Chapter 8 Conversion Methods

Chapter 8 Conversion Methods

import pandas as pd
import numpy as np
url = 'https://github.com/mattharrison/datasets/raw/master/data/vehicles.csv.zip'

df = pd.read_csv(url, usecols = ['city08', 'fuelType1'])
city_mpg1 = df.city08
fuel_type1 = df.fuelType1

Exercise 1

Convert a numeric column to a smaller data type

city_mpg1.dtype
dtype('int64')
city_mpg2 = city_mpg1.astype('int16')
city_mpg2.dtype
dtype('int16')

Exercise 2

Calculate the memory savings by converting to a smaller numeric types.

mem_delta_cty_mpg = city_mpg2.memory_usage(deep=True) - city_mpg1.memory_usage(deep=True)

print('By converting the data type of the `city_mpg1` series we have successfully altered the amount of memory required to store this infomration by {} bytes.'.format(mem_delta_cty_mpg))
By converting the data type of the `city_mpg1` series we have successfully altered the amount of memory required to store this infomration by -246864 bytes.

Exercise 3

Convert a string column into a categorical type

fuel_type1.dtype
dtype('O')
fuel_type2 = fuel_type1.astype('category')
fuel_type2.dtype
CategoricalDtype(categories=['Diesel', 'Electricity', 'Midgrade Gasoline', 'Natural Gas',
                  'Premium Gasoline', 'Regular Gasoline'],
, ordered=False)

Exercise 4

Calculate the memory savings by converting to a categorical type.

mem_delta_cty_mpg = fuel_type2.memory_usage(deep=True) - fuel_type1.memory_usage(deep=True)
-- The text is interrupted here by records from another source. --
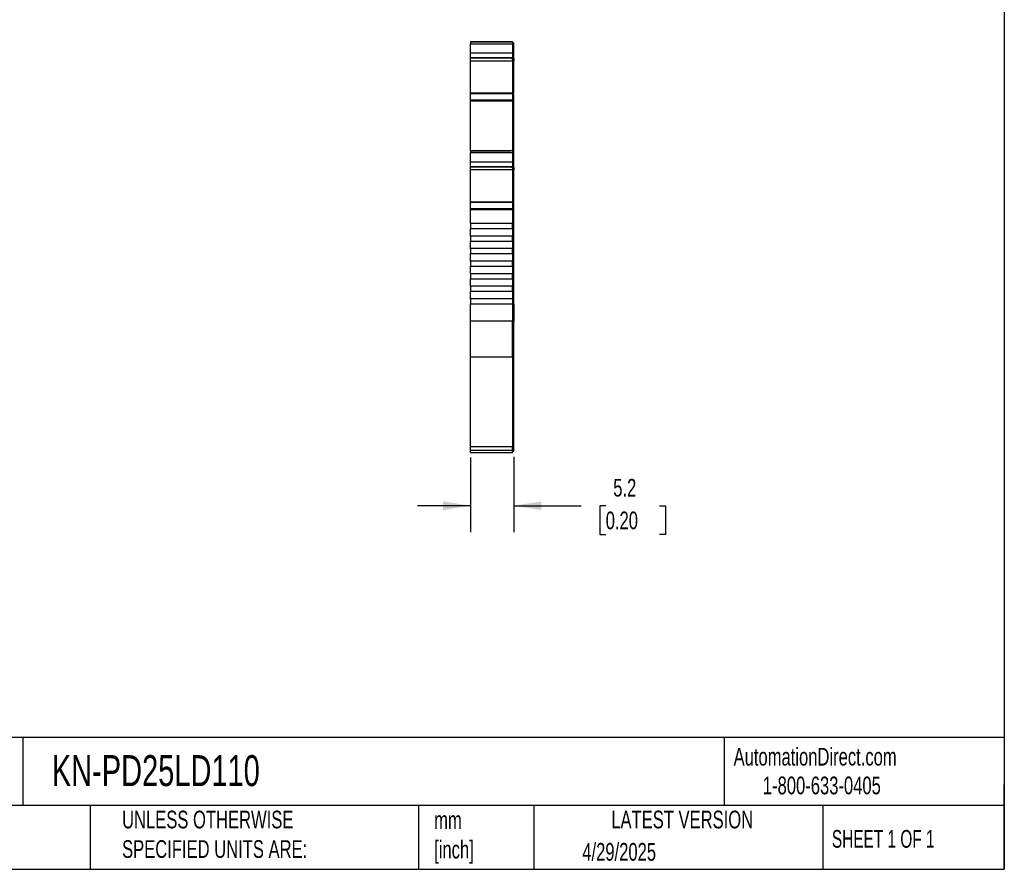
# Model space of a CAD drawing. Header units: millimetres. Extents: x 6 to 273, y 6 to 210.
# Tile 5 of 8: x 155 to 273, y 6 to 108. Entities that reach past the tile are written whole.
import ezdxf

# ---------------------------------------------------------------- set-up
doc = ezdxf.new("R2010")
doc.units = ezdxf.units.MM
doc.linetypes.add('SLD-Solid', pattern=[0])
doc.layers.add('DIMENSIONS', color=140, linetype='SLD-Solid', lineweight=25)
doc.layers.add('TEXT', color=140, linetype='SLD-Solid', lineweight=25)
doc.styles.add('SLDTEXTSTYLE0', font='TXT', dxfattribs={"width": 0.7})
doc.styles.add('SLDTEXTSTYLE1', font='TXT', dxfattribs={"width": 0.65})
doc.dimstyles.new('SLDDIMSTYLE1', dxfattribs={"dimtxt": 2.158008, "dimasz": 3.302, "dimexe": 0, "dimexo": 0.0625, "dimgap": 0.539502, "dimtad": 0, "dimtih": 1, "dimtoh": 1, "dimrnd": 1e-09, "dimzin": 12, "dimdsep": 46, "dimtxsty": 'SLDTEXTSTYLE0', "dimsah": 1, "dimcen": 0.09, "dimadec": 0, "dimazin": 3, "dimtfac": 1, "dimtmove": 0, "dimatfit": 0, "dimfxl": 0, "dimfrac": 2, "dimtolj": 1, "dimtzin": 12, "dimarcsym": 0})

# ---------------------------------------------------------------- blocks, each defined once
blk = doc.blocks.new('_D_3')
at = {"layer": 'DIMENSIONS'}
for p, q in [((209.27, 55.6), (209.27, 46.66)), ((214.42, 55.69), (214.42, 46.66)), ((209.27, 49.83), (202.92, 49.83)), ((214.42, 49.83), (222.49, 49.83)), ((225.41, 49.83), (224.69, 49.83)), ((224.69, 49.83), (224.69, 46.4)), ((231.83, 49.83), (232.55, 49.83)), ((232.55, 49.83), (232.55, 46.4)), ((224.69, 46.4), (225.41, 46.4)), ((232.55, 46.4), (231.83, 46.4))]:
    blk.add_line(p, q, dxfattribs=at)
for points in [[(209.27, 49.83), (205.97, 50.34), (205.97, 49.32)], [(214.42, 49.83), (217.72, 49.32), (217.72, 50.34)]]:
    blk.add_solid(points, dxfattribs=at)
at = {"layer": 'DIMENSIONS', "char_height": 2.117, "attachment_point": 1, "style": 'SLDTEXTSTYLE0'}
for s, insert in [('5.2', (226.31, 53.04)), ('0.20', (225.41, 49.13))]:
    blk.add_mtext(s, dxfattribs=dict(at, insert=insert))

msp = doc.modelspace()

# ---------------------------------------------------------------- linework, layer by layer
for p, q in [((209.27, 105.291), (214.27, 105.291)), ((209.27, 105.291), (209.27, 105.069)), ((209.27, 105.291), (209.663, 105.291)), ((210.145, 105.291), (209.27, 105.291)), ((209.663, 105.291), (209.27, 105.291)), ((209.27, 105.069), (214.27, 105.069)), ((209.27, 103.943), (209.27, 105.069)), ((209.77, 105.291), (210.07, 105.291)), ((209.77, 105.291), (209.77, 105.291)), ((210.07, 105.291), (209.77, 105.291)), ((209.87, 105.291), (209.87, 105.291)), ((210.07, 105.291), (209.87, 105.291)), ((209.87, 105.291), (210.07, 105.291)), ((213.619, 105.291), (210.07, 105.291)), ((210.07, 105.291), (213.619, 105.291)), ((210.07, 105.291), (210.145, 105.291)), ((210.07, 105.291), (210.07, 105.291)), ((210.07, 105.291), (210.07, 105.291)), ((210.27, 105.291), (210.07, 105.291)), ((213.42, 105.291), (210.27, 105.291)), ((213.62, 105.291), (213.42, 105.291)), ((213.545, 105.291), (213.62, 105.291)), ((214.27, 105.291), (213.545, 105.291)), ((213.82, 105.291), (213.619, 105.291)), ((213.619, 105.291), (213.82, 105.291)), ((213.62, 105.291), (213.92, 105.291)), ((213.62, 105.291), (213.62, 105.291)), ((213.62, 105.291), (213.62, 105.291)), ((213.92, 105.291), (213.62, 105.291)), ((213.82, 105.291), (213.82, 105.291)), ((213.92, 105.291), (213.92, 105.291)), ((214.02, 105.291), (214.02, 105.291)), ((214.27, 105.291), (214.27, 105.069)), ((214.27, 105.191), (214.42, 105.191)), ((214.27, 105.191), (214.42, 105.191)), ((214.27, 105.191), (214.42, 105.191)), ((214.27, 105.069), (214.27, 103.943)), ((214.27, 105.043), (214.42, 105.043)), ((214.42, 103.986), (214.42, 105.043)), ((214.27, 103.943), (209.27, 103.943)), ((209.27, 103.384), (209.27, 103.943)), ((214.27, 103.986), (214.42, 103.986)), ((214.27, 103.943), (214.27, 103.384)), ((214.42, 103.477), (214.42, 103.986)), ((214.27, 103.384), (209.27, 103.384)), ((209.27, 103.384), (209.27, 103.369)), ((209.27, 103.369), (214.17, 103.369)), ((209.27, 103.039), (209.27, 103.33)), ((209.27, 103.039), (214.27, 103.039)), ((209.27, 99.216), (209.27, 103.039)), ((214.17, 103.369), (214.17, 103.33)), ((214.27, 103.33), (214.17, 103.33)), ((214.17, 103.321), (214.27, 103.321)), ((214.27, 103.477), (214.42, 103.477)), ((214.27, 103.465), (214.42, 103.465)), ((214.27, 103.427), (214.42, 103.427)), ((214.27, 103.421), (214.42, 103.421)), ((214.27, 103.41), (214.42, 103.41)), ((214.27, 103.369), (214.27, 103.384)), ((214.27, 103.369), (214.27, 103.33)), ((214.27, 103.33), (214.27, 103.321)), ((214.27, 103.327), (214.27, 103.039)), ((214.27, 103.039), (214.27, 99.216)), ((214.42, 103.013), (214.27, 103.013)), ((214.42, 103.465), (214.42, 103.477)), ((214.42, 99.147), (214.42, 103.013)), ((209.27, 99.184), (214.27, 99.184)), ((209.27, 99.114), (209.27, 99.184)), ((209.27, 99.114), (214.27, 99.114)), ((209.27, 98.34), (209.27, 99.114)), ((214.27, 99.184), (214.27, 99.114)), ((214.27, 99.114), (214.27, 98.34)), ((214.27, 99.083), (214.42, 99.083)), ((214.27, 99.019), (214.42, 99.019)), ((214.42, 98.314), (214.42, 99.019)), ((214.27, 98.34), (209.27, 98.34)), ((209.27, 98.34), (209.27, 98.263)), ((209.27, 98.263), (214.27, 98.263)), ((209.27, 92.277), (209.27, 98.263)), ((214.27, 98.34), (214.27, 98.263)), ((214.27, 98.314), (214.42, 98.314)), ((214.27, 98.263), (214.27, 92.277)), ((214.27, 98.263), (214.42, 98.263)), ((214.42, 92.241), (214.42, 98.263)), ((214.27, 92.277), (209.27, 92.277)), ((209.27, 92.277), (209.27, 92.054)), ((209.27, 92.277), (209.663, 92.277)), ((209.663, 92.277), (209.27, 92.277)), ((210.145, 92.277), (209.27, 92.277)), ((209.27, 92.277), (209.27, 92.277)), ((209.27, 92.277), (209.27, 92.277)), ((209.27, 92.054), (214.27, 92.054)), ((209.27, 90.929), (209.27, 92.054)), ((210.07, 92.277), (209.77, 92.277)), ((209.77, 92.277), (209.77, 92.277)), ((209.77, 92.277), (210.07, 92.277)), ((210.07, 92.277), (209.87, 92.277)), ((209.87, 92.277), (209.87, 92.277)), ((209.87, 92.277), (210.07, 92.277)), ((210.145, 92.277), (210.07, 92.277)), ((210.07, 92.277), (210.07, 92.277)), ((210.07, 92.277), (210.07, 92.277)), ((210.07, 92.277), (210.27, 92.277)), ((213.619, 92.277), (210.07, 92.277)), ((210.07, 92.277), (213.619, 92.277)), ((210.27, 92.277), (213.42, 92.277)), ((213.42, 92.277), (213.62, 92.277)), ((213.62, 92.277), (213.545, 92.277)), ((214.27, 92.277), (213.545, 92.277)), ((213.619, 92.277), (213.82, 92.277)), ((213.82, 92.277), (213.619, 92.277)), ((213.62, 92.277), (213.62, 92.277)), ((213.62, 92.277), (213.92, 92.277)), ((213.92, 92.277), (213.62, 92.277)), ((213.62, 92.277), (213.62, 92.277)), ((213.82, 92.277), (213.82, 92.277)), ((213.92, 92.277), (213.92, 92.277)), ((214.02, 92.277), (214.02, 92.277)), ((214.27, 92.277), (214.27, 92.054)), ((214.27, 92.277), (214.27, 92.277)), ((214.27, 92.177), (214.42, 92.177)), ((214.27, 92.177), (214.42, 92.177)), ((214.27, 92.054), (214.27, 90.929)), ((214.27, 92.028), (214.42, 92.028)), ((214.42, 90.972), (214.42, 92.028)), ((214.27, 90.929), (209.27, 90.929)), ((209.27, 90.37), (209.27, 90.929)), ((214.27, 90.972), (214.42, 90.972)), ((214.27, 90.929), (214.27, 90.37)), ((214.42, 90.462), (214.42, 90.972)), ((214.27, 90.37), (209.27, 90.37)), ((209.27, 90.37), (209.27, 90.354)), ((209.27, 90.354), (214.17, 90.354)), ((209.27, 90.024), (209.27, 90.315)), ((209.27, 90.024), (214.27, 90.024)), ((209.27, 86.201), (209.27, 90.024)), ((214.17, 90.354), (214.17, 90.315)), ((214.17, 90.315), (214.27, 90.315)), ((214.17, 90.306), (214.27, 90.306)), ((214.27, 90.462), (214.42, 90.462)), ((214.27, 90.412), (214.42, 90.412)), ((214.27, 90.406), (214.42, 90.406)), ((214.27, 90.395), (214.42, 90.395)), ((214.27, 90.312), (214.27, 90.024)), ((214.27, 90.024), (214.27, 86.201)), ((214.42, 89.998), (214.27, 89.998)), ((214.42, 90.407), (214.42, 90.412)), ((214.42, 86.132), (214.42, 89.998)), ((209.27, 86.169), (214.27, 86.169)), ((209.27, 86.099), (209.27, 86.169)), ((214.27, 86.099), (209.27, 86.099)), ((209.27, 85.325), (209.27, 86.099)), ((214.27, 86.169), (214.27, 86.099)), ((214.27, 86.099), (214.27, 85.325)), ((214.27, 86.068), (214.42, 86.068)), ((214.27, 86.004), (214.42, 86.004)), ((214.42, 85.3), (214.42, 86.004)), ((214.27, 85.325), (209.27, 85.325)), ((209.27, 85.248), (214.27, 85.248)), ((209.27, 83.577), (209.27, 85.248)), ((214.27, 85.3), (214.42, 85.3)), ((214.27, 85.248), (214.27, 83.577)), ((214.27, 85.248), (214.42, 85.248)), ((214.42, 83.577), (214.42, 85.248)), ((214.27, 83.577), (209.27, 83.577)), ((214.27, 83.577), (214.42, 83.577)), ((214.42, 73.977), (214.42, 83.577)), ((209.27, 82.977), (214.27, 82.977)), ((209.27, 82.077), (209.27, 82.977)), ((214.27, 82.977), (214.27, 82.077)), ((214.27, 82.077), (209.27, 82.077)), ((209.27, 81.477), (214.27, 81.477)), ((209.27, 80.577), (209.27, 81.477)), ((214.27, 81.477), (214.27, 80.577)), ((214.27, 80.577), (209.27, 80.577)), ((209.27, 79.977), (214.27, 79.977)), ((209.27, 79.077), (209.27, 79.977)), ((214.27, 79.077), (209.27, 79.077)), ((214.27, 79.977), (214.27, 79.077)), ((209.27, 78.477), (214.27, 78.477)), ((209.27, 77.577), (209.27, 78.477)), ((214.27, 78.477), (214.27, 77.577)), ((214.27, 77.577), (209.27, 77.577)), ((209.27, 76.977), (214.27, 76.977)), ((209.27, 76.077), (209.27, 76.977)), ((214.27, 76.977), (214.27, 76.077)), ((214.27, 76.077), (209.27, 76.077)), ((209.27, 75.477), (214.27, 75.477)), ((209.27, 74.577), (209.27, 75.477)), ((214.27, 75.477), (214.27, 74.577)), ((214.27, 74.577), (209.27, 74.577)), ((209.27, 74.577), (209.27, 73.977)), ((214.27, 74.577), (214.27, 73.977)), ((209.27, 73.977), (214.27, 73.977)), ((209.27, 71.916), (209.27, 73.977)), ((214.27, 73.977), (214.27, 71.916)), ((214.27, 73.977), (214.42, 73.977)), ((214.42, 73.977), (214.42, 71.916)), ((214.27, 71.916), (209.27, 71.916)), ((209.27, 67.625), (209.27, 71.916)), ((214.27, 67.625), (214.27, 71.916)), ((214.42, 71.916), (214.27, 71.916)), ((209.27, 67.625), (214.27, 67.625)), ((209.27, 56.873), (209.27, 67.625)), ((214.27, 67.711), (214.42, 67.711)), ((214.27, 67.625), (214.27, 56.873)), ((214.42, 56.959), (214.42, 67.711)), ((214.27, 56.873), (209.27, 56.873)), ((209.27, 56.467), (209.27, 56.873)), ((214.27, 56.959), (214.42, 56.959)), ((214.27, 56.467), (214.27, 56.873)), ((214.27, 56.567), (214.42, 56.567)), ((209.27, 56.467), (214.27, 56.467)), ((209.27, 56.204), (209.27, 56.467)), ((209.27, 56.204), (214.27, 56.204)), ((214.27, 56.204), (214.27, 56.467)), ((214.42, 56.304), (214.27, 56.304))]:
    msp.add_line(p, q)
at = {"flags": 128}
for points in [[(214.02, 105.291), (213.984, 105.291), (213.876, 105.291), (213.701, 105.291), (213.462, 105.291), (213.168, 105.291), (212.825, 105.291), (212.443, 105.291), (212.035, 105.291), (211.61, 105.291), (211.181, 105.291), (210.76, 105.291), (210.36, 105.291), (209.991, 105.291), (209.663, 105.291)], [(209.663, 105.291), (209.991, 105.291), (210.36, 105.291), (210.76, 105.291), (211.181, 105.291), (211.61, 105.291), (212.035, 105.291), (212.443, 105.291), (212.825, 105.291), (213.168, 105.291), (213.462, 105.291), (213.701, 105.291), (213.876, 105.291), (213.984, 105.291), (214.02, 105.291)], [(209.663, 92.277), (209.991, 92.277), (210.36, 92.277), (210.76, 92.277), (211.181, 92.277), (211.61, 92.277), (212.035, 92.277), (212.443, 92.277), (212.825, 92.277), (213.168, 92.277), (213.462, 92.277), (213.701, 92.277), (213.876, 92.277), (213.984, 92.277), (214.02, 92.277)], [(214.02, 92.277), (213.984, 92.277), (213.876, 92.277), (213.701, 92.277), (213.462, 92.277), (213.168, 92.277), (212.825, 92.277), (212.443, 92.277), (212.035, 92.277), (211.61, 92.277), (211.181, 92.277), (210.76, 92.277), (210.36, 92.277), (209.991, 92.277), (209.663, 92.277)]]:
    msp.add_lwpolyline(points, dxfattribs=at)
for points, knots in [([(214.42, 105.043), (214.42, 105.085), (214.42, 105.123), (214.42, 105.177), (214.42, 105.191), (214.42, 105.191)], [0, 0, 0, 0, 0.5, 0.5, 1, 1, 1, 1]), ([(214.42, 103.357), (214.42, 103.31), (214.42, 103.197), (214.42, 103.081), (214.42, 103.013)], [0, 0, 0, 0, 0.42219645, 1, 1, 1, 1]), ([(214.42, 92.028), (214.42, 92.071), (214.42, 92.109), (214.42, 92.162), (214.42, 92.177), (214.42, 92.177)], [0, 0, 0, 0, 0.5, 0.5, 1, 1, 1, 1]), ([(214.42, 90.342), (214.42, 90.295), (214.42, 90.183), (214.42, 90.066), (214.42, 89.998)], [0, 0, 0, 0, 0.4221958, 1, 1, 1, 1]), ([(209.27, 83.577), (209.27, 83.577), (209.27, 83.544), (209.27, 83.433), (209.27, 83.355), (209.27, 83.198), (209.27, 83.12), (209.27, 83.009), (209.27, 82.977), (209.27, 82.977)], [0, 0, 0, 0, 0.25, 0.25, 0.5, 0.5, 0.75, 0.75, 1, 1, 1, 1]), ([(214.27, 82.977), (214.27, 82.977), (214.27, 83.009), (214.27, 83.12), (214.27, 83.198), (214.27, 83.355), (214.27, 83.433), (214.27, 83.544), (214.27, 83.577), (214.27, 83.577)], [0, 0, 0, 0, 0.25, 0.25, 0.5, 0.5, 0.75, 0.75, 1, 1, 1, 1]), ([(209.27, 82.077), (209.27, 82.077), (209.27, 82.044), (209.27, 81.933), (209.27, 81.855), (209.27, 81.698), (209.27, 81.62), (209.27, 81.509), (209.27, 81.477), (209.27, 81.477)], [0, 0, 0, 0, 0.25, 0.25, 0.5, 0.5, 0.75, 0.75, 1, 1, 1, 1]), ([(214.27, 81.477), (214.27, 81.477), (214.27, 81.509), (214.27, 81.62), (214.27, 81.698), (214.27, 81.855), (214.27, 81.933), (214.27, 82.044), (214.27, 82.077), (214.27, 82.077)], [0, 0, 0, 0, 0.25, 0.25, 0.5, 0.5, 0.75, 0.75, 1, 1, 1, 1]), ([(209.27, 80.577), (209.27, 80.577), (209.27, 80.544), (209.27, 80.433), (209.27, 80.355), (209.27, 80.198), (209.27, 80.12), (209.27, 80.009), (209.27, 79.977), (209.27, 79.977)], [0, 0, 0, 0, 0.25, 0.25, 0.5, 0.5, 0.75, 0.75, 1, 1, 1, 1]), ([(214.27, 79.977), (214.27, 79.977), (214.27, 80.009), (214.27, 80.12), (214.27, 80.198), (214.27, 80.355), (214.27, 80.433), (214.27, 80.544), (214.27, 80.577), (214.27, 80.577)], [0, 0, 0, 0, 0.25, 0.25, 0.5, 0.5, 0.75, 0.75, 1, 1, 1, 1]), ([(209.27, 79.077), (209.27, 79.077), (209.27, 79.044), (209.27, 78.933), (209.27, 78.855), (209.27, 78.698), (209.27, 78.62), (209.27, 78.509), (209.27, 78.477), (209.27, 78.477)], [0, 0, 0, 0, 0.25, 0.25, 0.5, 0.5, 0.75, 0.75, 1, 1, 1, 1]), ([(214.27, 78.477), (214.27, 78.477), (214.27, 78.509), (214.27, 78.62), (214.27, 78.698), (214.27, 78.855), (214.27, 78.933), (214.27, 79.044), (214.27, 79.077), (214.27, 79.077)], [0, 0, 0, 0, 0.25, 0.25, 0.5, 0.5, 0.75, 0.75, 1, 1, 1, 1]), ([(209.27, 77.577), (209.27, 77.577), (209.27, 77.544), (209.27, 77.433), (209.27, 77.355), (209.27, 77.198), (209.27, 77.12), (209.27, 77.009), (209.27, 76.977), (209.27, 76.977)], [0, 0, 0, 0, 0.25, 0.25, 0.5, 0.5, 0.75, 0.75, 1, 1, 1, 1]), ([(214.27, 76.977), (214.27, 76.977), (214.27, 77.009), (214.27, 77.12), (214.27, 77.198), (214.27, 77.355), (214.27, 77.433), (214.27, 77.544), (214.27, 77.577), (214.27, 77.577)], [0, 0, 0, 0, 0.25, 0.25, 0.5, 0.5, 0.75, 0.75, 1, 1, 1, 1]), ([(209.27, 76.077), (209.27, 76.077), (209.27, 76.044), (209.27, 75.933), (209.27, 75.855), (209.27, 75.698), (209.27, 75.62), (209.27, 75.509), (209.27, 75.477), (209.27, 75.477)], [0, 0, 0, 0, 0.25, 0.25, 0.5, 0.5, 0.75, 0.75, 1, 1, 1, 1]), ([(214.27, 75.477), (214.27, 75.477), (214.27, 75.509), (214.27, 75.62), (214.27, 75.698), (214.27, 75.855), (214.27, 75.933), (214.27, 76.044), (214.27, 76.077), (214.27, 76.077)], [0, 0, 0, 0, 0.25, 0.25, 0.5, 0.5, 0.75, 0.75, 1, 1, 1, 1]), ([(214.42, 67.711), (214.42, 68.144), (214.42, 68.766), (214.42, 70.232), (214.42, 71.073), (214.42, 71.916)], [0, 0, 0, 0, 0.5, 0.5, 1, 1, 1, 1]), ([(214.42, 56.58), (214.42, 56.576), (214.42, 56.551), (214.42, 56.659), (214.42, 56.859), (214.42, 56.959)], [0, 0, 0, 0, 0.0858756, 0.5429378, 1, 1, 1, 1]), ([(214.42, 56.304), (214.42, 56.314), (214.42, 56.329), (214.42, 56.456), (214.42, 56.506)], [0, 0, 0, 0, 0.6125065, 1, 1, 1, 1])]:
    msp.add_open_spline(points, degree=3, knots=knots)
for points in [[(214.42, 98.263), (214.42, 98.28), (214.42, 98.297), (214.42, 98.314)], [(209.27, 85.325), (209.27, 85.3), (209.27, 85.274), (209.27, 85.248)], [(214.27, 85.248), (214.27, 85.274), (214.27, 85.3), (214.27, 85.325)], [(214.42, 85.248), (214.42, 85.265), (214.42, 85.283), (214.42, 85.3)]]:
    msp.add_open_spline(points, degree=3)
at = {"layer": 'TEXT'}
for p, q in [((273.05, 209.55), (273.05, 6.35)), ((273.05, 22.126), (6.35, 22.126)), ((155.759, 22.126), (155.759, 13.97)), ((239.575, 22.126), (239.575, 13.97)), ((273.05, 6.35), (273.05, 16.51)), ((273.05, 13.97), (6.35, 13.97)), ((163.78, 13.97), (163.78, 6.35)), ((203.024, 13.97), (203.024, 6.35)), ((216.812, 13.97), (216.812, 6.35)), ((251.349, 13.97), (251.349, 6.35)), ((6.35, 6.35), (273.05, 6.35))]:
    msp.add_line(p, q, dxfattribs=at)

# ---------------------------------------------------------------- texts
for s, insert, char_height, attachment_point, style in [('KN-PD25LD110', (159.208, 20.006), 3.70417, 1, 'SLDTEXTSTYLE0'), ('AutomationDirect.com', (240.695, 20.877), 2.11667, 1, 'SLDTEXTSTYLE0'), ('1-800-633-0405', (244.192, 17.437), 2.11667, 1, 'SLDTEXTSTYLE0'), ('UNLESS OTHERWISE ^JSPECIFIED UNITS ARE:', (167.608, 13.361), 2.11667, 1, 'SLDTEXTSTYLE0'), ('LATEST VERSION', (234.552, 13.364), 2.11667, 2, 'SLDTEXTSTYLE0'), ('mm^J[inch]', (204.907, 13.297), 2.1167, 1, 'SLDTEXTSTYLE0'), ('SHEET 1 OF 1', (252.441, 11.051), 2.11667, 1, 'SLDTEXTSTYLE1'), ('4/29/2025', (222.613, 9.497), 2.1167, 1, 'SLDTEXTSTYLE0')]:
    msp.add_mtext(s, dxfattribs=dict(at, insert=insert, char_height=char_height, attachment_point=attachment_point, style=style))

# ---------------------------------------------------------------- dimensions: what is measured, and where the dimension line sits
at = {"layer": 'DIMENSIONS'}
dim = msp.add_linear_dim(base=(214.42, 49.832), p1=(209.27, 56.873), p2=(214.42, 56.959), angle=0, dimstyle='SLDDIMSTYLE1', dxfattribs=at)
dim.commit()
dim.dimension.update_dxf_attribs({"geometry": '_D_3', "text_midpoint": (228.62, 49.832), "dimtype": 160})

doc.saveas('drawing.dxf')

print('By converting the data type of the `fuel_type1` series we have successfully altered the amount of memory required to store this infomration by {} bytes.'.format(mem_delta_cty_mpg))
By converting the data type of the `fuel_type1` series we have successfully altered the amount of memory required to store this infomration by -2948768 bytes.